═════ Data to examine

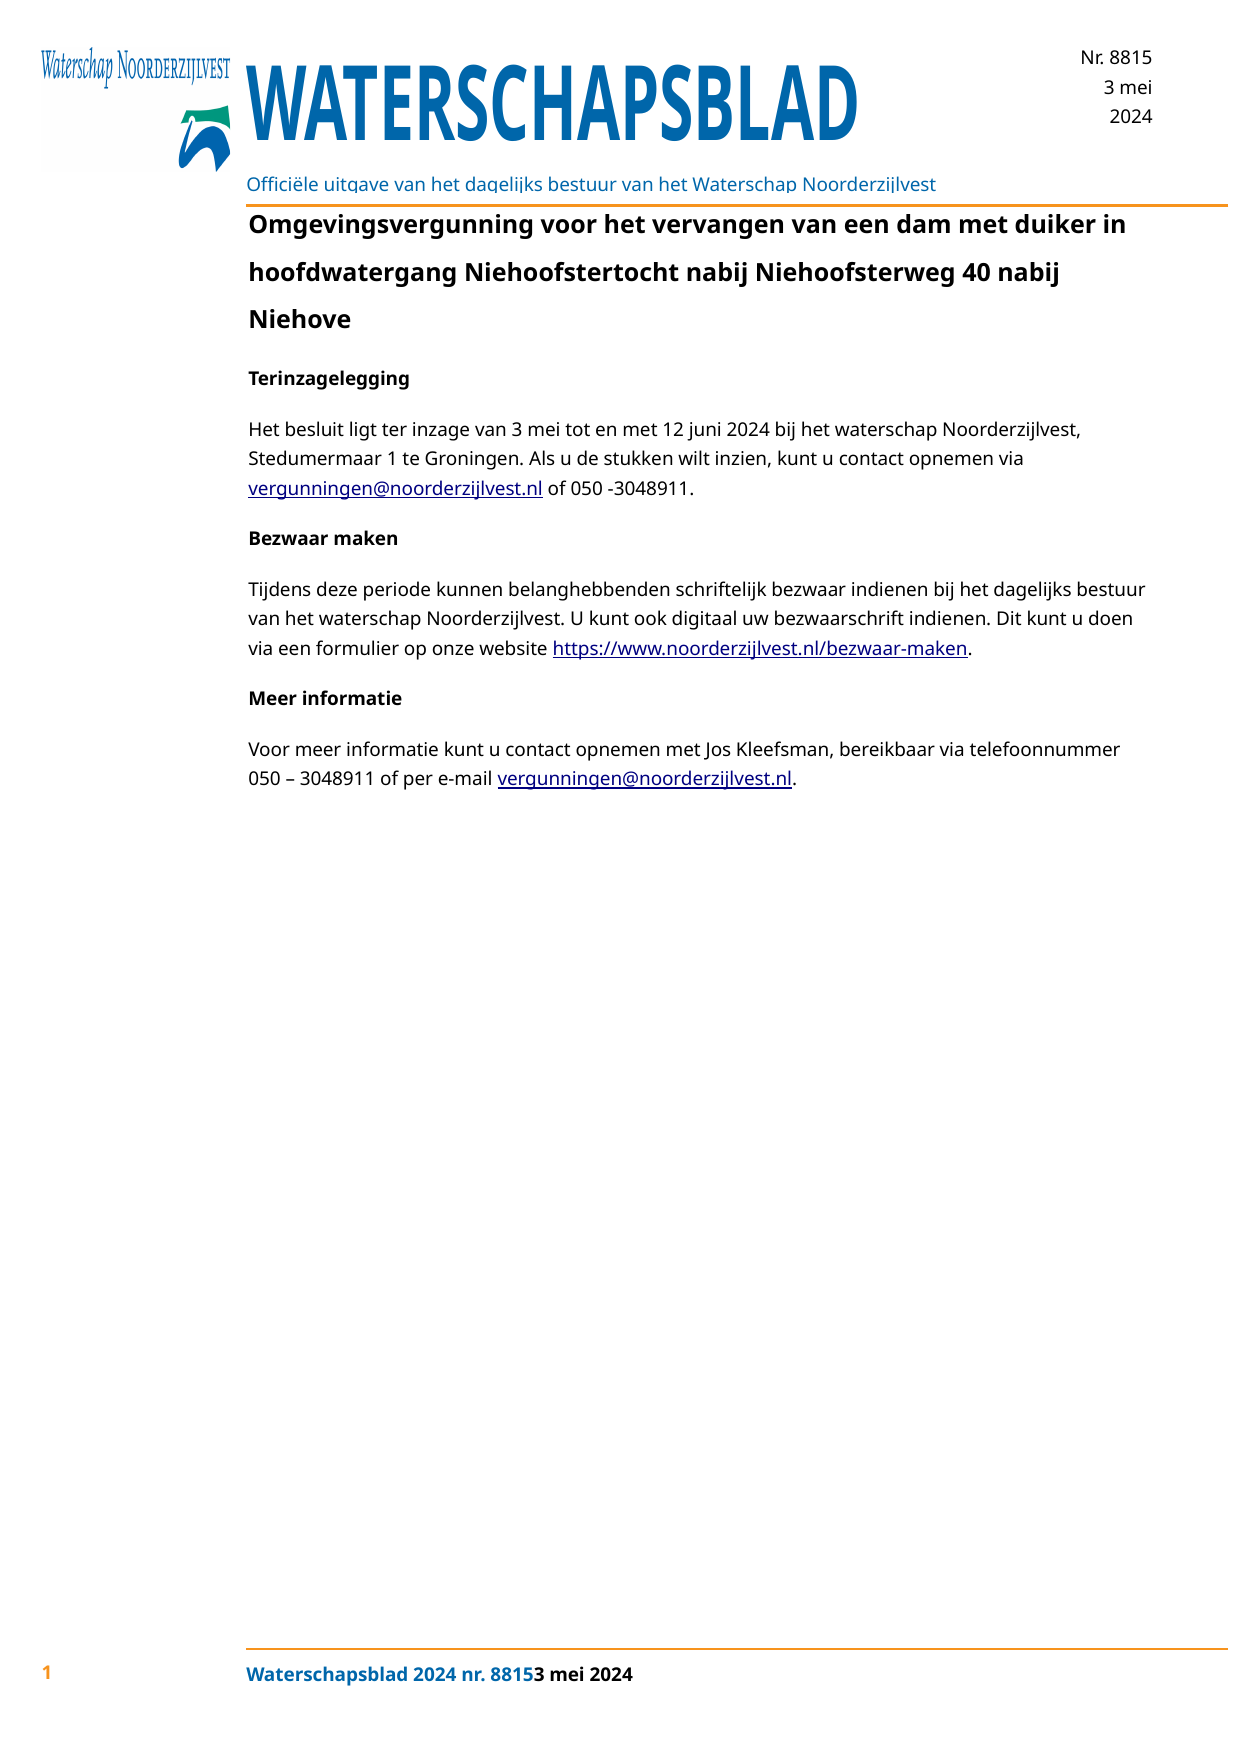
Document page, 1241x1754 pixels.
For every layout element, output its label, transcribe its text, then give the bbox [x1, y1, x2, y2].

text Het besluit ligt ter inzage van 3 mei tot en met 12 juni 2024 bij het waterschap Noorderzijlvest, Stedumermaar 1 te Groningen. Als u de stukken wilt inzien, kunt u contact opnemen via vergunningen@noorderzijlvest.nl of 050 -3048911. [248, 416, 1152, 501]
text Terinzagelegging [248, 366, 1152, 391]
text Voor meer informatie kunt u contact opnemen met Jos Kleefsman, bereikbaar via telefoonnummer 050 – 3048911 of per e-mail vergunningen@noorderzijlvest.nl. [248, 736, 1152, 791]
text Meer informatie [248, 686, 1152, 711]
text Bezwaar maken [248, 526, 1152, 551]
picture [41, 47, 231, 172]
text Omgevingsvergunning voor het vervangen van een dam met duiker in hoofdwatergang Niehoofstertocht nabij Niehoofsterweg 40 nabij Niehove [248, 207, 1152, 336]
text Tijdens deze periode kunnen belanghebbenden schriftelijk bezwaar indienen bij het dagelijks bestuur van het waterschap Noorderzijlvest. U kunt ook digitaal uw bezwaarschrift indienen. Dit kunt u doen via een formulier op onze website https://www.noorderzijlvest.nl/bezwaar-maken. [248, 576, 1152, 661]

══════════

Check each line of the data for "contact". Copy the lines where it turns up.

> Exercise solution
text Het besluit ligt ter inzage van 3 mei tot en met 12 juni 2024 bij het waterschap Noorderzijlvest, Stedumermaar 1 te Groningen. Als u de stukken wilt inzien, kunt u contact opnemen via vergunningen@noorderzijlvest.nl of 050 -3048911. [248, 416, 1152, 501]
text Voor meer informatie kunt u contact opnemen met Jos Kleefsman, bereikbaar via telefoonnummer 050 – 3048911 of per e-mail vergunningen@noorderzijlvest.nl. [248, 736, 1152, 791]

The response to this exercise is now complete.